SELECT * FROM summary_triples AS tt_7, summary_triples AS tt_4, --summary_triples AS tt_5, summary_triples AS tt_6, summary_triples AS tt_3, summary_triples AS tt_1, summary_triples AS tt_2, summary_triples AS tt_8, summary_triples AS tt_9 WHERE tt_7.p=15214 AND tt_4.p=193849 --AND tt_5.p=193849 AND tt_6.p=191723 AND tt_3.p=32354 AND tt_1.p=72646 AND tt_2.p=247727 AND tt_8.p=32354 AND tt_9.p=173563 AND tt_4.s=tt_6.s AND tt_4.s=tt_1.s AND tt_4.s=tt_2.s AND tt_6.s=tt_2.s AND tt_1.s=tt_2.s AND tt_3.s=tt_1.o AND tt_7.s=tt_6.o AND tt_7.s=tt_9.s AND tt_6.o=tt_9.s AND tt_7.o=tt_8.s --AND tt_4.o=tt_5.o AND tt_4.o=tt_3.o AND tt_4.o=tt_8.o AND tt_5.o=tt_3.o AND tt_5.o=tt_8.o
We also observe some inelegant redundancy in the equalities on columns. A transitive reduction should be computed, but it does seem to change the performances.
TODO Need of Pre-pruning
tu veux dire qu'il y a aucun triple dans encoded avec p = 2032005? (sur lubm10m?)

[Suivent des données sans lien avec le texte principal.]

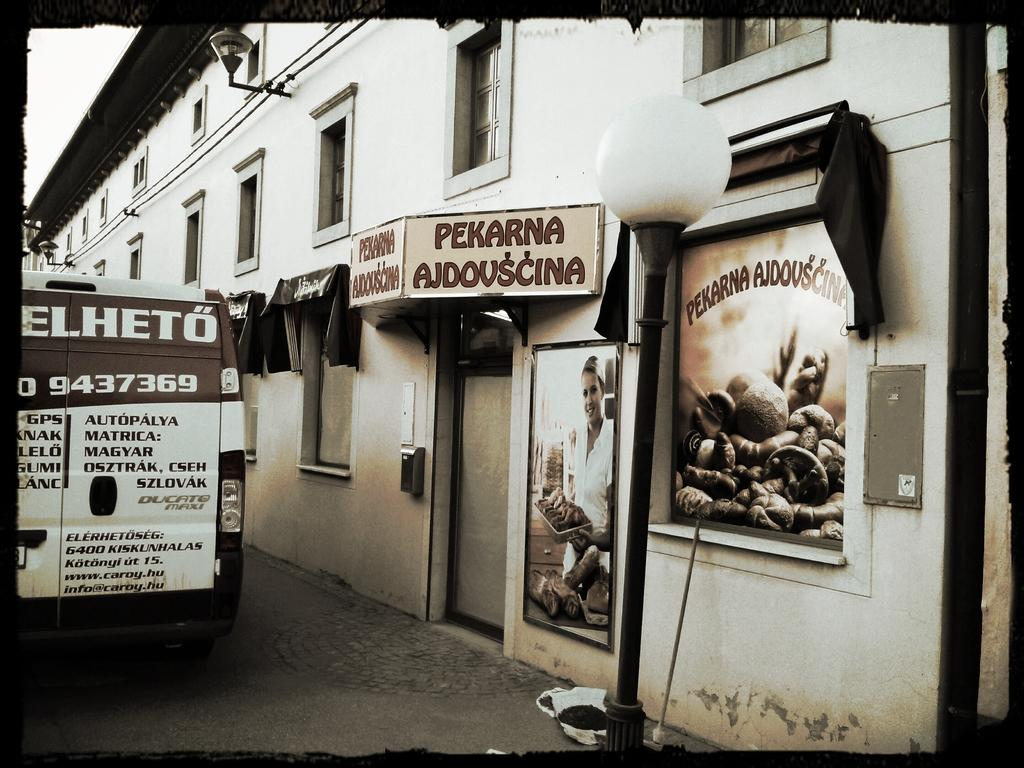<image>
Provide a brief description of the given image. A black and white photo of the Pekarna Ajdovscina business. 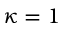<formula> <loc_0><loc_0><loc_500><loc_500>\kappa = 1</formula>

TODO apply a or several pruning before the computation of the UCQ cover
Up to now the cover computation is embedded into the reformulation process. It is maybe a bad choice of design. The cover computation is done for both approaches (CQ minimization and generalization), so it can be applied in the query session directly WHEN we want. I wonder if there is any interest in applying the pruning before the cover computation. For example on Q14, we spent several seconds to compute the cover (ref + cover in fact) for 1152 reformulations, only 7 remains after pruning, so the cover can gain for it. It may be wise to prune at several level of the reformulation computation. For example, we can prune in between the reformulation /Rc and /Ra or also inside reformulation/Ra, we can prune just after instanting the classes and properties. This approach is not correct, since we are used to prune wrt the unsaturated graph, we can not pruned partial reformulation.

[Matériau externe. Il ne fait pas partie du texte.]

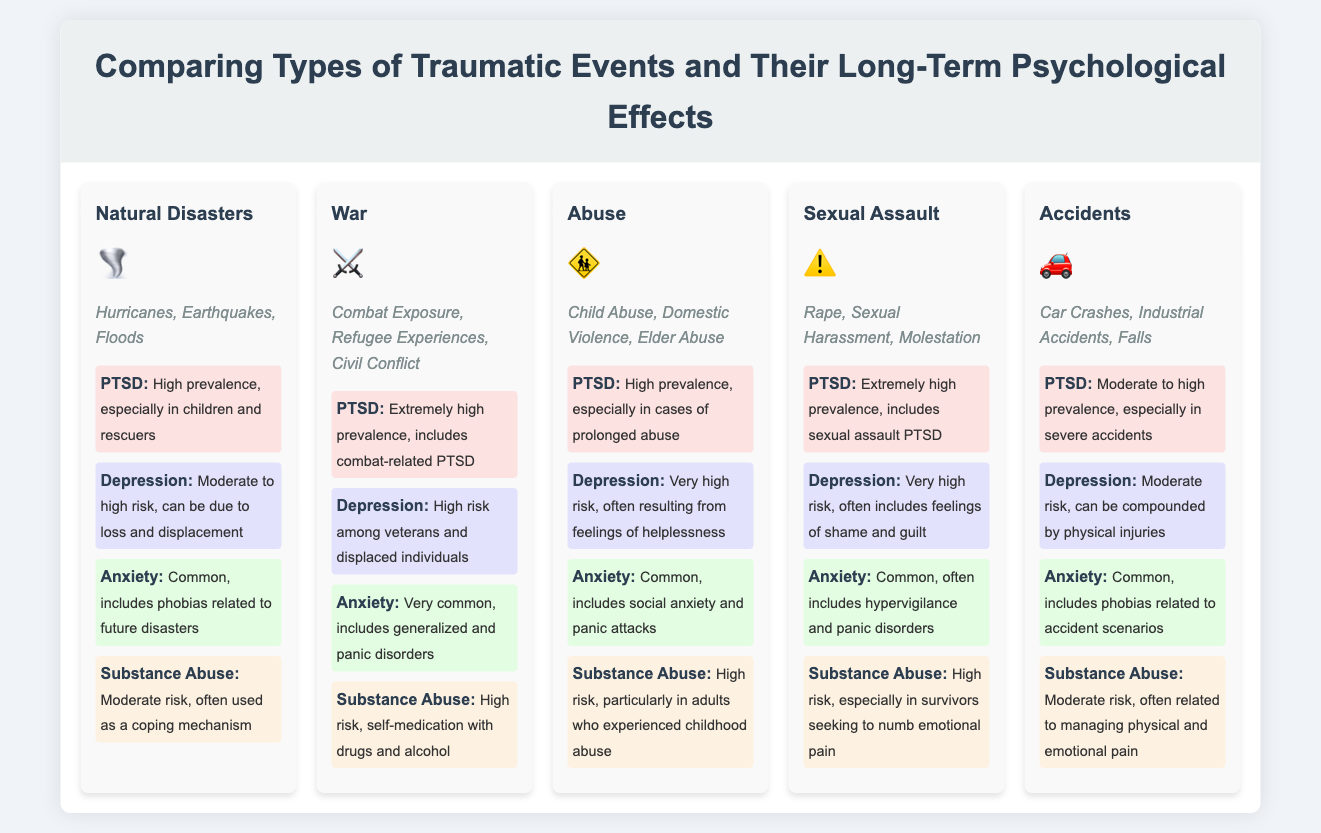What is an example of a natural disaster? The document lists hurricanes, earthquakes, and floods as examples of natural disasters.
Answer: Hurricanes Which type of traumatic event has the highest PTSD prevalence? The document states that war and sexual assault have extremely high prevalence of PTSD.
Answer: War What color represents anxiety effects in the infographic? The document uses a light green color to highlight anxiety effects.
Answer: Light green What is the effect of child abuse on depression risk? The document mentions that depression has a very high risk for individuals who experienced child abuse.
Answer: Very high risk Which type of traumatic event has a moderate risk of substance abuse? The document indicates that accidents carry a moderate risk of substance abuse.
Answer: Accidents What psychological effect is common in survivors of sexual assault? The document states that anxiety is common among survivors of sexual assault.
Answer: Anxiety How does the prevalence of PTSD in natural disasters compare to accidents? The document outlines that natural disasters have a high prevalence of PTSD while accidents have a moderate to high prevalence.
Answer: High vs. Moderate to high Which traumatic event example includes combat exposure? The document categorizes war events that include combat exposure.
Answer: War 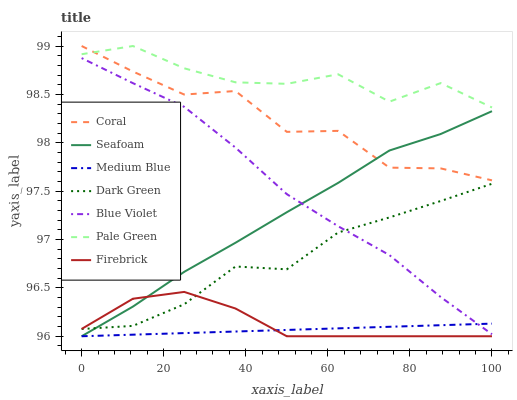Does Medium Blue have the minimum area under the curve?
Answer yes or no. Yes. Does Pale Green have the maximum area under the curve?
Answer yes or no. Yes. Does Seafoam have the minimum area under the curve?
Answer yes or no. No. Does Seafoam have the maximum area under the curve?
Answer yes or no. No. Is Medium Blue the smoothest?
Answer yes or no. Yes. Is Coral the roughest?
Answer yes or no. Yes. Is Seafoam the smoothest?
Answer yes or no. No. Is Seafoam the roughest?
Answer yes or no. No. Does Medium Blue have the lowest value?
Answer yes or no. Yes. Does Pale Green have the lowest value?
Answer yes or no. No. Does Pale Green have the highest value?
Answer yes or no. Yes. Does Seafoam have the highest value?
Answer yes or no. No. Is Firebrick less than Pale Green?
Answer yes or no. Yes. Is Coral greater than Medium Blue?
Answer yes or no. Yes. Does Medium Blue intersect Seafoam?
Answer yes or no. Yes. Is Medium Blue less than Seafoam?
Answer yes or no. No. Is Medium Blue greater than Seafoam?
Answer yes or no. No. Does Firebrick intersect Pale Green?
Answer yes or no. No. 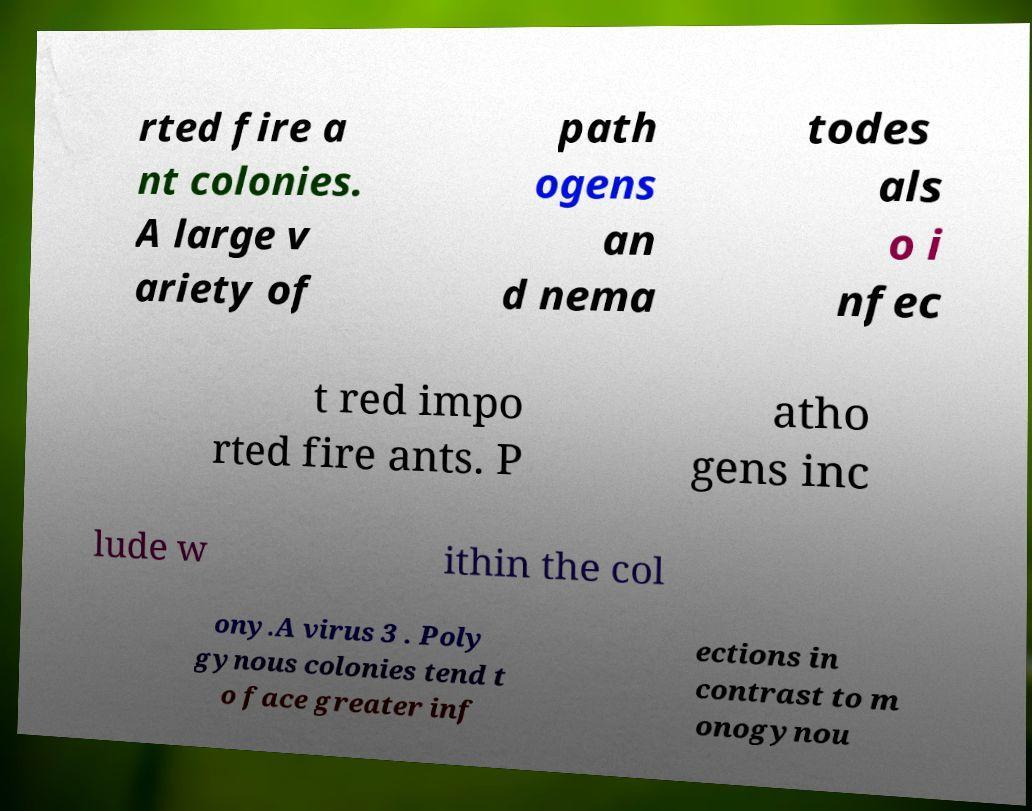What messages or text are displayed in this image? I need them in a readable, typed format. rted fire a nt colonies. A large v ariety of path ogens an d nema todes als o i nfec t red impo rted fire ants. P atho gens inc lude w ithin the col ony.A virus 3 . Poly gynous colonies tend t o face greater inf ections in contrast to m onogynou 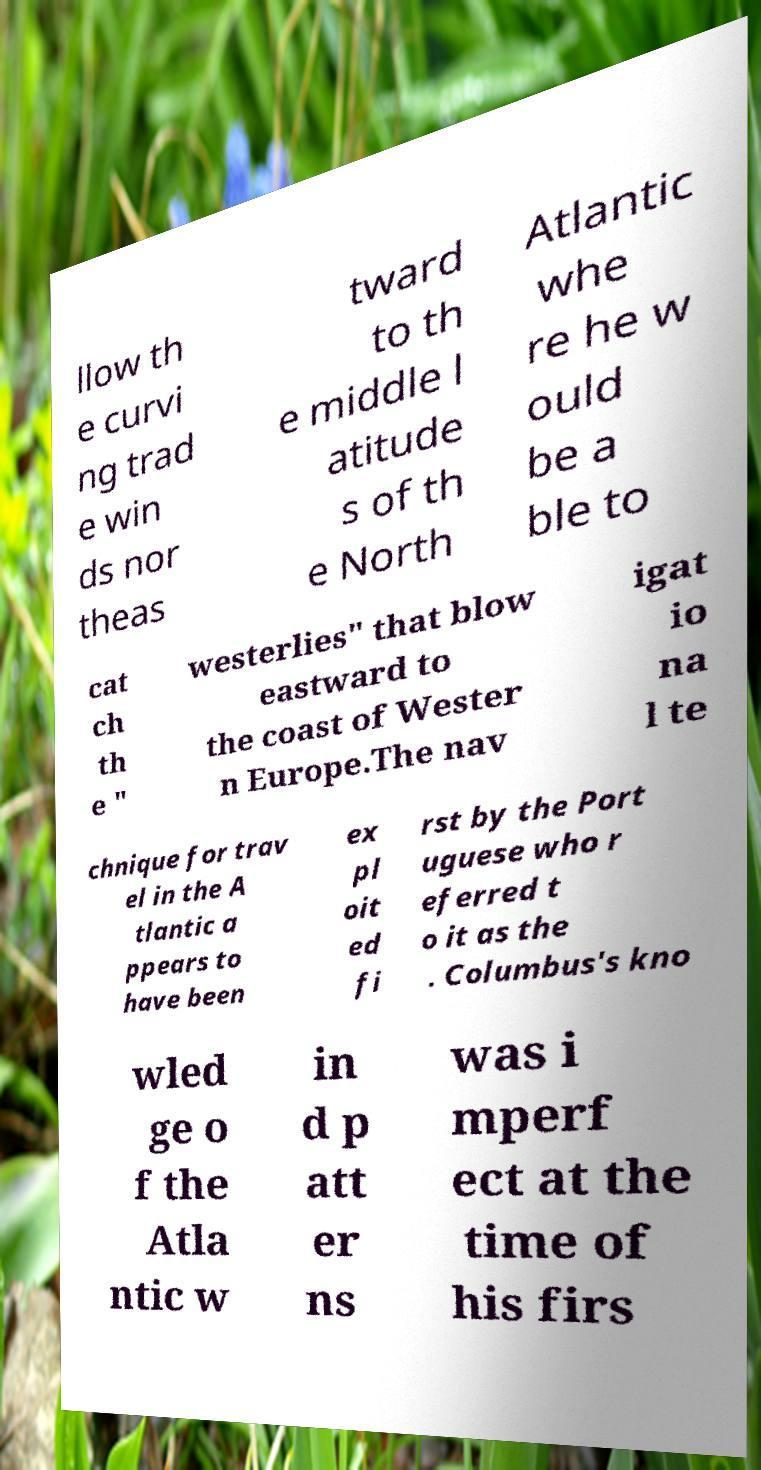Please identify and transcribe the text found in this image. llow th e curvi ng trad e win ds nor theas tward to th e middle l atitude s of th e North Atlantic whe re he w ould be a ble to cat ch th e " westerlies" that blow eastward to the coast of Wester n Europe.The nav igat io na l te chnique for trav el in the A tlantic a ppears to have been ex pl oit ed fi rst by the Port uguese who r eferred t o it as the . Columbus's kno wled ge o f the Atla ntic w in d p att er ns was i mperf ect at the time of his firs

Je pensais à une idée folle: si le th d'inversion des saturation s'applique on pourrait pruner au sein du processus de reformulation avec le summary du graphe saturé pour (i) guider la reformulation, donc limiter le temps de ref (ii) limiter le nombre de ref explorée, donc limiter le nombre de requête envoyée sur le summary
Analyse des temps des requêtes de damian sur lubm1m
Je dis qu'il y a de mauvaises performances du pruning quand le temps de pruning est supérieur ou égale au temps d'évaluation de la ref sans pruning sur le graphe initiale. Ça devrait pas arriver si le SGBD fait de bons choix.

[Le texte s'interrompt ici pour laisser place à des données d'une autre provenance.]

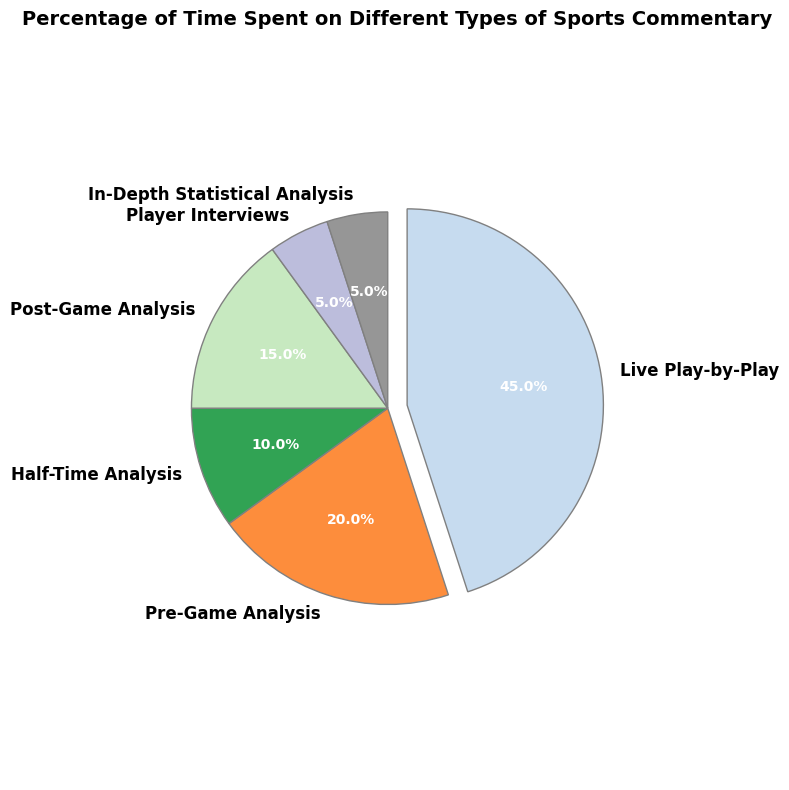What's the largest category by percentage? Look for the segment with the highest percentage on the pie chart, which is emphasized by an extra separation (explode).
Answer: Live Play-by-Play How much more time is spent on Live Play-by-Play compared to Half-Time Analysis? Identify the percentages of Live Play-by-Play and Half-Time Analysis from the pie chart. Subtract the two values: 45% - 10% = 35%.
Answer: 35% What is the combined percentage for Pre-Game Analysis and Post-Game Analysis? Add the percentages for Pre-Game Analysis and Post-Game Analysis from the chart. 20% + 15% = 35%.
Answer: 35% Which two categories have the smallest percentage and what is their total percentage? Identify the two smallest segments in the pie chart as Player Interviews and In-Depth Statistical Analysis, both at 5%. Add their percentages: 5% + 5% = 10%.
Answer: Player Interviews and In-Depth Statistical Analysis, 10% Is more time spent on Player Interviews or Half-Time Analysis? Compare the percentages of Player Interviews and Half-Time Analysis from the pie chart. Half-Time Analysis (10%) is more than Player Interviews (5%).
Answer: Half-Time Analysis What fraction of the total time is spent on Live Play-by-Play and Pre-Game Analysis together? Combine the percentages for Live Play-by-Play and Pre-Game Analysis. 45% + 20% = 65%. Therefore, the fraction is 65/100 = 0.65.
Answer: 0.65 What percentage of time is spent on analysis (Pre-Game, Half-Time, Post-Game)? Sum the percentages for Pre-Game Analysis, Half-Time Analysis, and Post-Game Analysis. 20% + 10% + 15% = 45%.
Answer: 45% What is the visual clue that helps in identifying the largest category in the pie chart? Notice that the largest segment is separated slightly from the rest of the pie, which is the explode effect.
Answer: The segment is separated (exploded)

- Q01 et Q02 : mauvaises performances du pruning avec un nombre moyen de ref = 136
- Q03: c'est bien
- Q04: c'est bien
- Q05: c'est bien
- Q06: c'est bien
- Q07: c'est bien
- Q08: c'est bien
- Q09: requête difficile avec près de 11 667 refs, on a une erreur sans prunning et avec pruning, plus de 80% du temps total est passé dans la reformulation+cover et le reste dans le pruning, toutes les reformulations sont vides: 0 réponse !
- Q10: c'est bien
- Q11: rien à gagner par le pruning, 1 ref non vide
- Q12: rien à gagner par le pruning, 1 ref non vide
- Q13: c'est bien,
- Q14: pruning très efficace pour 250ms de pruning, l'eval passe de 18.5s à 1.1s,
- Q15: plus de 1900 refs, 70% du temps passé (avec pruning) pour ref+cover, pas de réponse, 100% des refs prunées, pruning très efficace 2s de pruning vs 200s d'eval sans pruning.
- Q16: c'est bien
- Q17: c'est bien
- Q18: ok
- Q19: plus de 1500 refs, 30% du temps pour ref+cover (avec pruning), pruning très utile, pour 1s de pruning, le temps d'eval passe de 135s à moins de 3s !
- Q20: ok
- Q21: ok
- Q22: ok
- Q23: mauvaise performance du pruning !
- Q24: mauvaise performance du pruning !
- Q25: mauvaise performance du pruning !
- Q26: mauvaise performance du pruning ! 1272 refs; ref+cover = 50% de temps avec pruning
- Q27: mauvaise performance du pruning !
- Q28: temps de ref+cover > timeout
Conclusion: sur les requêtes avec beaucoup de reformulations, on passe trop de temps pour ref+cover et la méthode par pruning perd –> mauvaise performance de pruning.